Bismuth subcitrate potassium is a bismuth salt used in combination with antibiotics and a proton pump inhibitor for the treatment of Helicobacter pylori infections. [1] [2]

Contents

A fixed-dose combination with the antibiotics metronidazole and tetracycline is sold under the trade name Pylera . [3]

Contraindications

Side effects

A known side effect of bismuth salts is harmless and reversible darkening of tongue and stool by formation of bismuth sulfite. [3] Other side effects of bismuth containing combination therapies are often difficult to assign to a specific component.[ citation needed ]

Interactions

Bismuth absorption is increased by ranitidine and omeprazole. [3]

Pharmacology

Mechanism of action

The mechanism of action of bismuth is not fully known.
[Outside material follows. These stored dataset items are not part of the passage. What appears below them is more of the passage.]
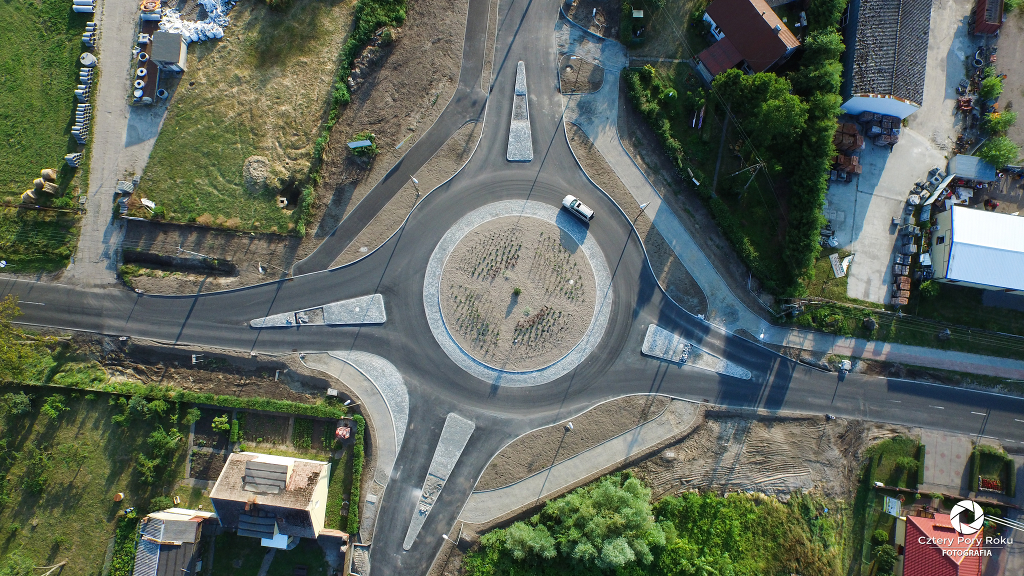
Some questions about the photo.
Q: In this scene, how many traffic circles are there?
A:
one
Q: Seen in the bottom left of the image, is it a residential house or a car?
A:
residential house
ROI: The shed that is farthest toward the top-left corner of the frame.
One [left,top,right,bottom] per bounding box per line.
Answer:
[150,31,190,70]
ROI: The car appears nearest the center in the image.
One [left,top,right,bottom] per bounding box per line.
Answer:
[560,194,598,224]
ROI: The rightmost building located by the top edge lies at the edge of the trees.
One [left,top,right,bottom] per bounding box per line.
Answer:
[839,0,930,116]
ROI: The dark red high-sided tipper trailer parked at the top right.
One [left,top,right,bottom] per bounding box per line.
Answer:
[978,0,1014,38]
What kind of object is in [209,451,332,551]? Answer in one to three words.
house
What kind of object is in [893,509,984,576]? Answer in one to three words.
house
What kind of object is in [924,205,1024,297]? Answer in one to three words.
building
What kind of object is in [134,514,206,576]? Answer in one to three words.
shed
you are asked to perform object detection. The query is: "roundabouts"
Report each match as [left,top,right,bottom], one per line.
[388,166,648,425]
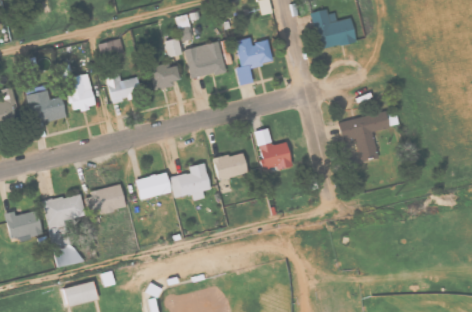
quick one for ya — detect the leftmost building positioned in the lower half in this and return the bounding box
[4,211,41,240]
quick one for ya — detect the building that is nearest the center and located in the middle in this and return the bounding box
[212,152,248,180]
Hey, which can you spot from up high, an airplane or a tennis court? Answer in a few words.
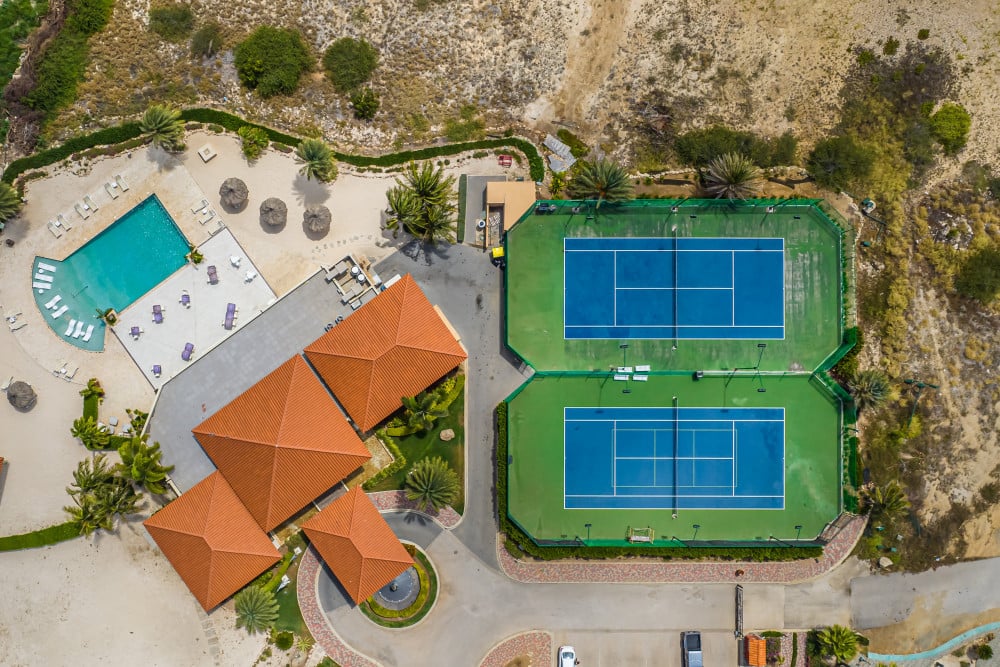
tennis court
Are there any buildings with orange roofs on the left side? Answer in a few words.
Yes
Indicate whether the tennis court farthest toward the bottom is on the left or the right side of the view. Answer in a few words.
right
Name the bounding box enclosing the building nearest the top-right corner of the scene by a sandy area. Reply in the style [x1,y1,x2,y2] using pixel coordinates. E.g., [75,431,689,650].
[485,181,536,236]
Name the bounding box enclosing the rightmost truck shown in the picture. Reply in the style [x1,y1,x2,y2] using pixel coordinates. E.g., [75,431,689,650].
[682,630,704,667]
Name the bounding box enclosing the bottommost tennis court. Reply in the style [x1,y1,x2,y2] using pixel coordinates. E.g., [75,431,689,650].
[511,373,841,540]
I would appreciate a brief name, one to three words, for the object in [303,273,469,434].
building
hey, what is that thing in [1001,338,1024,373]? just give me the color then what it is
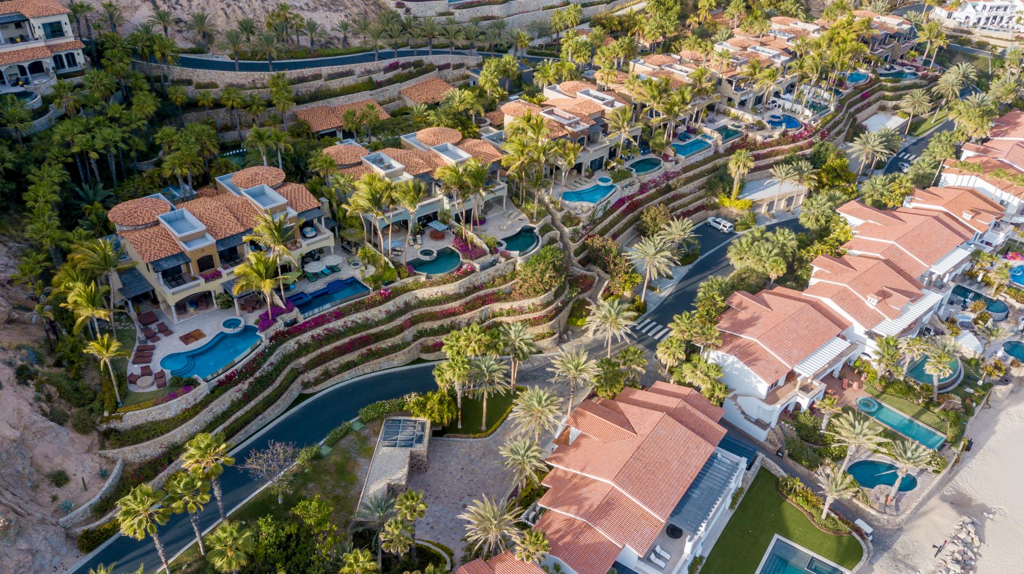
blue swimming pool
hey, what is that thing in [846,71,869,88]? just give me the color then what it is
blue swimming pool
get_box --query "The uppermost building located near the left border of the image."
[0,6,87,79]
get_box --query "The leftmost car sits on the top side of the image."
[707,215,737,232]
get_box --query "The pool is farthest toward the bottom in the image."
[747,533,852,574]
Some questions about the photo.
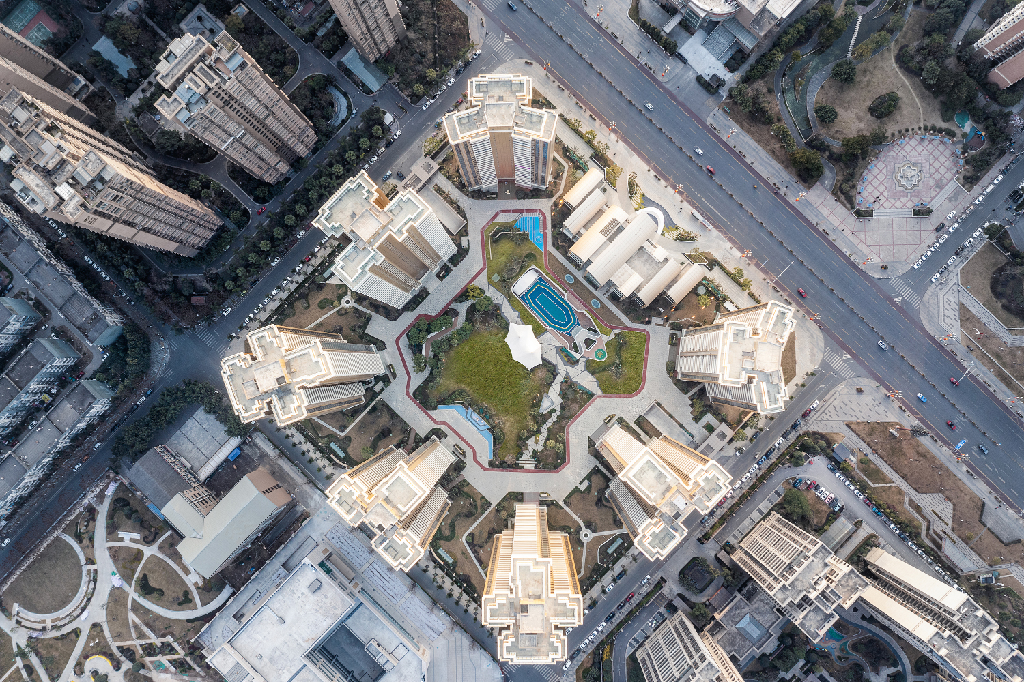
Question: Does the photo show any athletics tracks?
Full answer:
Yes, looking at the shot, I can spot an athletics track.
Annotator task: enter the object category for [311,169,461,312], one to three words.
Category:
building
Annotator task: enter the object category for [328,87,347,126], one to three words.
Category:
swimming pool
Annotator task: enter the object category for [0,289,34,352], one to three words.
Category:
building
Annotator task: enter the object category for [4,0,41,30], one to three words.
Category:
tennis court
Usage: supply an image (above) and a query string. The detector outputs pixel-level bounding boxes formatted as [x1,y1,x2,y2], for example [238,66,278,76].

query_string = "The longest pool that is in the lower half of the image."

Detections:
[438,404,493,460]
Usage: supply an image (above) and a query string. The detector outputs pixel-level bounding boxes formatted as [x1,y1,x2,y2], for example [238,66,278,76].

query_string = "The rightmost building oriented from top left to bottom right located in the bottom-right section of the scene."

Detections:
[860,548,1024,682]
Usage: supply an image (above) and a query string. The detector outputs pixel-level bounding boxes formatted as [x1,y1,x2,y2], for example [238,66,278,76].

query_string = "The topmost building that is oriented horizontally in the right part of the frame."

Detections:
[662,0,798,61]
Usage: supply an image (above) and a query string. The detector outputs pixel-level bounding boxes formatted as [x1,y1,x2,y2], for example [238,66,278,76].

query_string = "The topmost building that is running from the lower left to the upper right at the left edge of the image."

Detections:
[0,339,75,434]
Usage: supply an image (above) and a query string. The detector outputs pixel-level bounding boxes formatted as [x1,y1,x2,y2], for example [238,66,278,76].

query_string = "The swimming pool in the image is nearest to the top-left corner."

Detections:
[92,35,129,73]

It has been reasoned to interfere with the function of the bacterial cell membrane, protein and cell wall synthesis, the enzyme urease, cell adhesion, ATP synthesis, and iron transport mechanisms. [3] Bismuth displaces nickel (Ni2+) from active sites of the bacterial urease (UreG), and other bacterial metalloenzymes (e.g., catalase, lipase, fumarase), thereby disrupting acid-neutralization capacity and energy metabolism of H. pylori. [4] Another possible mechanism of action is that the inhibition of bacterial enzyme result in bacterial growth arrest. [4] Bismuth particles induce vacuolization, cell wall degradation, membrane disintegration, and loss of adherence to epithelial cells of the host: [4] bismuth impairs bacterial adhesion to the gastric epithelium and biofilm formation. [4]

Pharmacokinetics

Upon oral administration, bismuth subcitrate undergoes partial dissolution in the acidic gastric environment, with the majority of the dose localizing in the stomach. [5] [4] Although the most of the dose remains unabsorbed, [6] a small portion enters into systemic circulation, and serum concentration reaches (Cmax at 20–30 min) 16–80 ng/mL - levels that exceed the minimum inhibitory concentration for H. pylori (1–8 μg/mL). [7] [4] [5] Co-administration with proton pump inhibitors (PPI) such as omeprazole or H2-antagonists such as famotidine increases serum and tissue concentrations of bismuth, possibly due to greater solubility and less rapid precipitation in less acidic gastric juice. [5]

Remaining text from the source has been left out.